2002年，斯金纳重新接过美国国内业务的重任时，麦当劳正在苦苦挣扎。公司沉迷于盲目扩张，2001年，每天新开店铺的数量超过3家。结果导致食品和服务的质量下降，公司股票和利润也随之大幅下跌。长期掌管麦当劳的吉姆•坎塔卢普退休之后重新出山，并任命斯金纳为副主席。新管理层实施了一项回归基本原则的变革策略——制胜计划（Plan to Win），该策略的核心是增加现有店铺的销售额来带动增长，而不是通过增开新店来促进增长。
冷静、沉稳的斯金纳上台之后，并未推出新政来重组摇摇欲坠的公司，而是保持了公司策略的连贯性。他强调，领导者的变化并不意味着公司策略也一定要变化。耶鲁大学管理学院（Yale School of Management）的杰弗里•索南菲尔德说：“他明白，没有必要按自己的想法重塑公司形象，也没必要将公司打上自己的烙印。”
He proved to be insightful too, backing his executives publicly even if he didn't always agree with their tactics. Claire Babrowski, who worked for McDonald's for almost 30 years, remembers, as a manager in the North Carolina region, running into a difficult franchisee who wasn't operating his store the way the company liked. (To this day, 80% of McDonald's restaurants are operated by independent owners.) To top it off, he would never wear a tie -- standard practice at the time for franchisees. Skinner was her boss, and during a visit all parties met to hash out their issues. "For some reason I got off on the tie thing, which was so the least of it," Babrowski says. Skinner didn't stop her, instead turning to the franchisee to ask him how hard it would be to put on a tie. "Later at night Jim took me out to dinner, and he's like, 'Really? The tie?'"
In 1992, McDonald's promoted Skinner to work in its international business, bringing Big Macs and fries to 60 new markets, including parts of Europe, Africa, and the Middle East. By the time he came back to domestic operations he had worked in every region of the world.

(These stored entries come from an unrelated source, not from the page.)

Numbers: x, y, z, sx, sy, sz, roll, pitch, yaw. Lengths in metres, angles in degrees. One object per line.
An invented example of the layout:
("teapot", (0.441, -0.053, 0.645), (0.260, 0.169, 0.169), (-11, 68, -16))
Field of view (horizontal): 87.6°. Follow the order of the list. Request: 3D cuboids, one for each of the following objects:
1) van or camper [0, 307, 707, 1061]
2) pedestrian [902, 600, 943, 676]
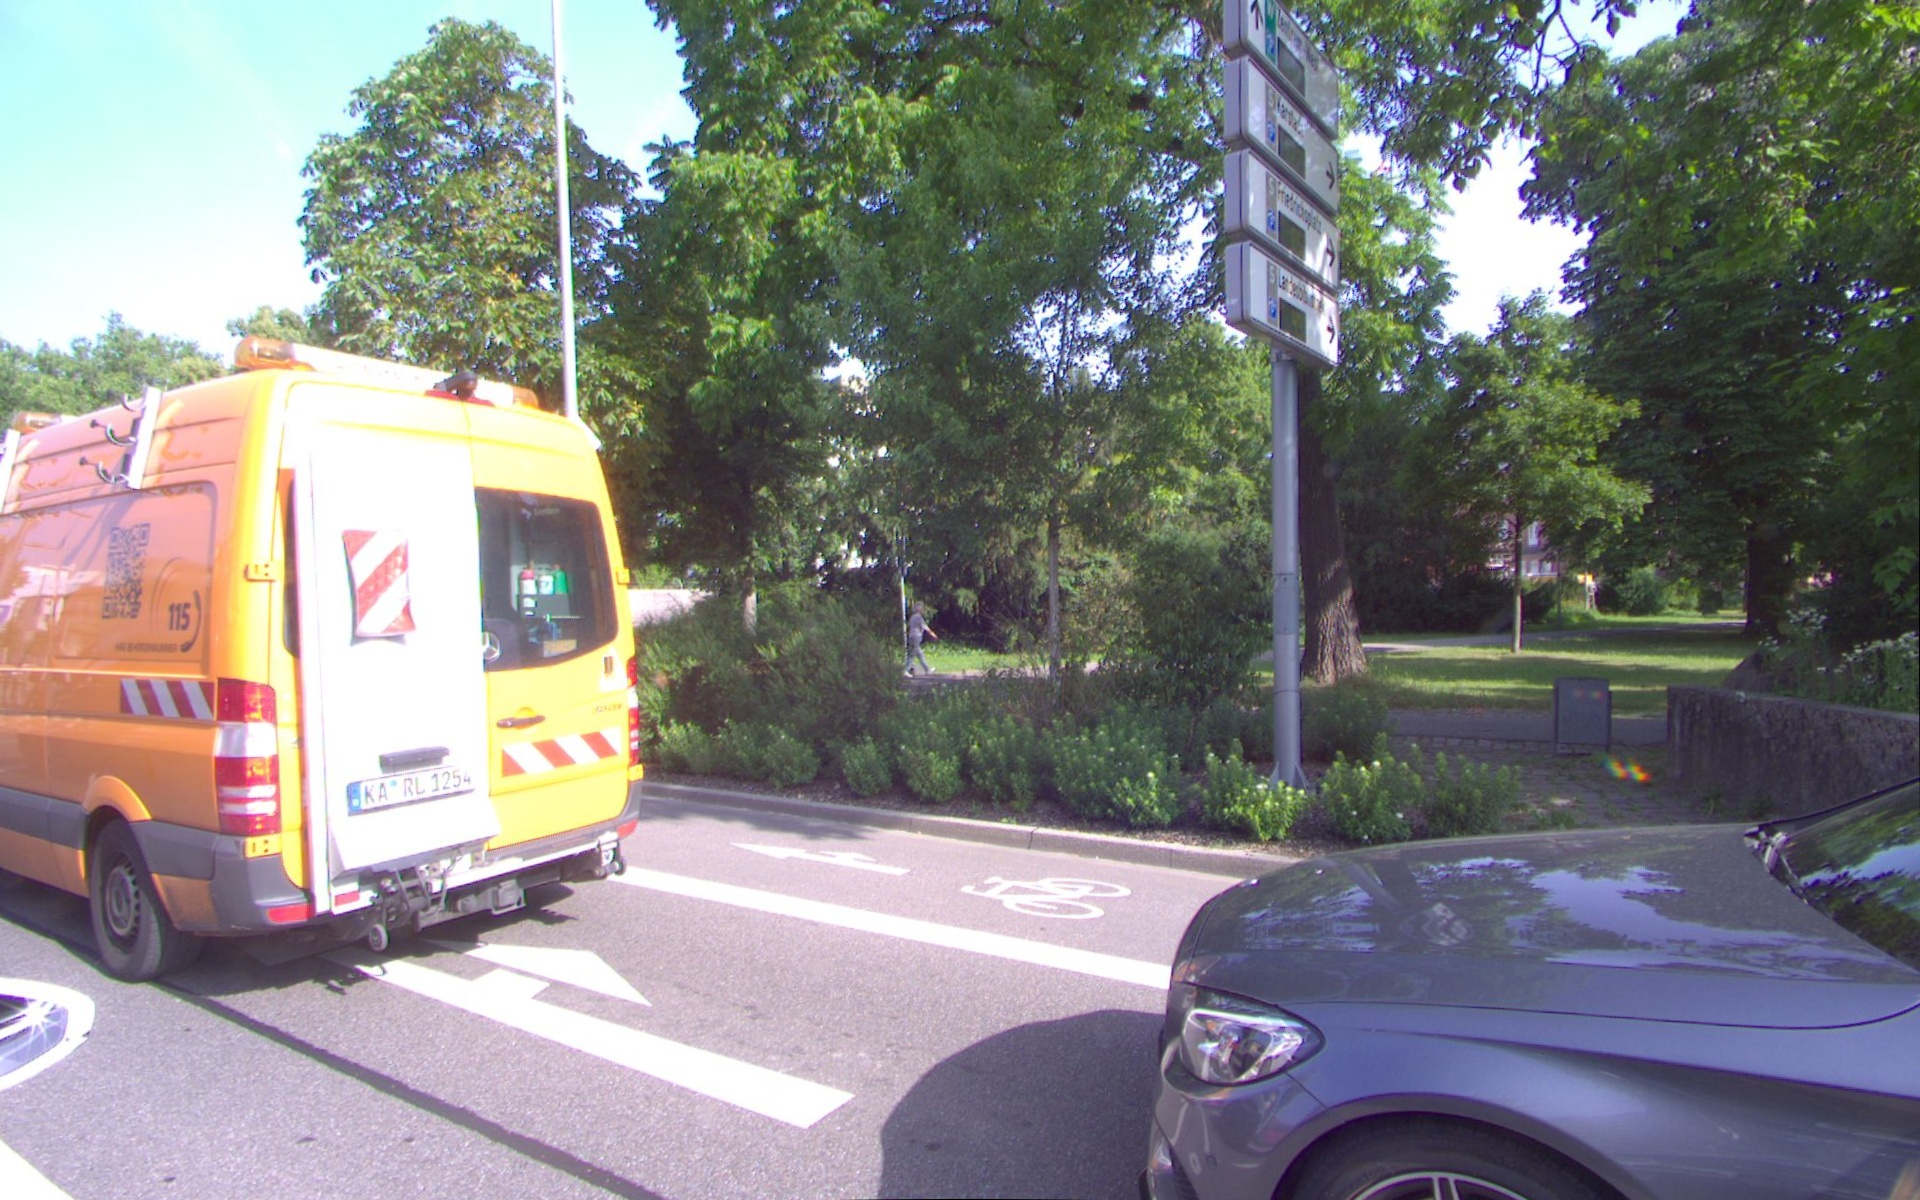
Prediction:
("van or camper", (-4.309, 0.365, 5.773), (5.975, 2.504, 1.982), (-1, -1, 32))
("pedestrian", (-0.781, 0.780, 20.699), (0.659, 1.538, 0.532), (-1, 1, -26))

Skinner returned to the U.S. business in 2002 to a McDonald's that was floundering. The company was hooked on expansion; in 2001 it was opening more than three restaurants a day. The quality of the food and service had deteriorated as a result, along with the stock price and profits. Long-time McDonald's man Jim Cantalupo came out of retirement to run the company and elevated Skinner to vice chairman. The new executive team implemented a back-to-basics turnaround strategy -- the Plan to Win -- with a focus on growth through increasing sales at existing stores rather than by opening new locations.
In April 2004, Cantalupo and his management crew traveled down to Orlando for the company's owner-operator convention. In the early morning hours the day Cantalupo was to give his remarks, a victory speech of sorts, he had a heart attack and died in the room next to Skinner's. That same day the board named the young, charismatic Charlie Bell as the company's new leader. But less than a month later Bell was diagnosed with colorectal cancer. While he and the company were at first optimistic about a recovery, he stepped aside in November. "The bizarre paradoxical thing was that in the midst of first losing Jim [Cantalupo] and then Charlie being ill, we were performing better than ever," says former McDonald's executive Mats Lederhausen. "It was surreal."
The board looked to the 60-year-old Skinner to become the company's new CEO at one of the most delicate moments in its history. "The fact that it was Jim, at least from my point of view, was a comfort," Babrowski says. To the outside world, Skinner was relatively unknown, which he attributes to always being a good No. 2. "Good No. 2s don't usurp their boss's authority," he says. "They don't go around trying to take credit."
Rather than shake up the already unsettled company by implementing a new approach, the no-drama Skinner came in on a platform of continuity, stressing that leadership change doesn't mean strategy change. "He understood that he didn't need to rebrand the company in his own image," says Jeffrey Sonnenfeld of the Yale School of Management. "He didn't need to imprint his persona."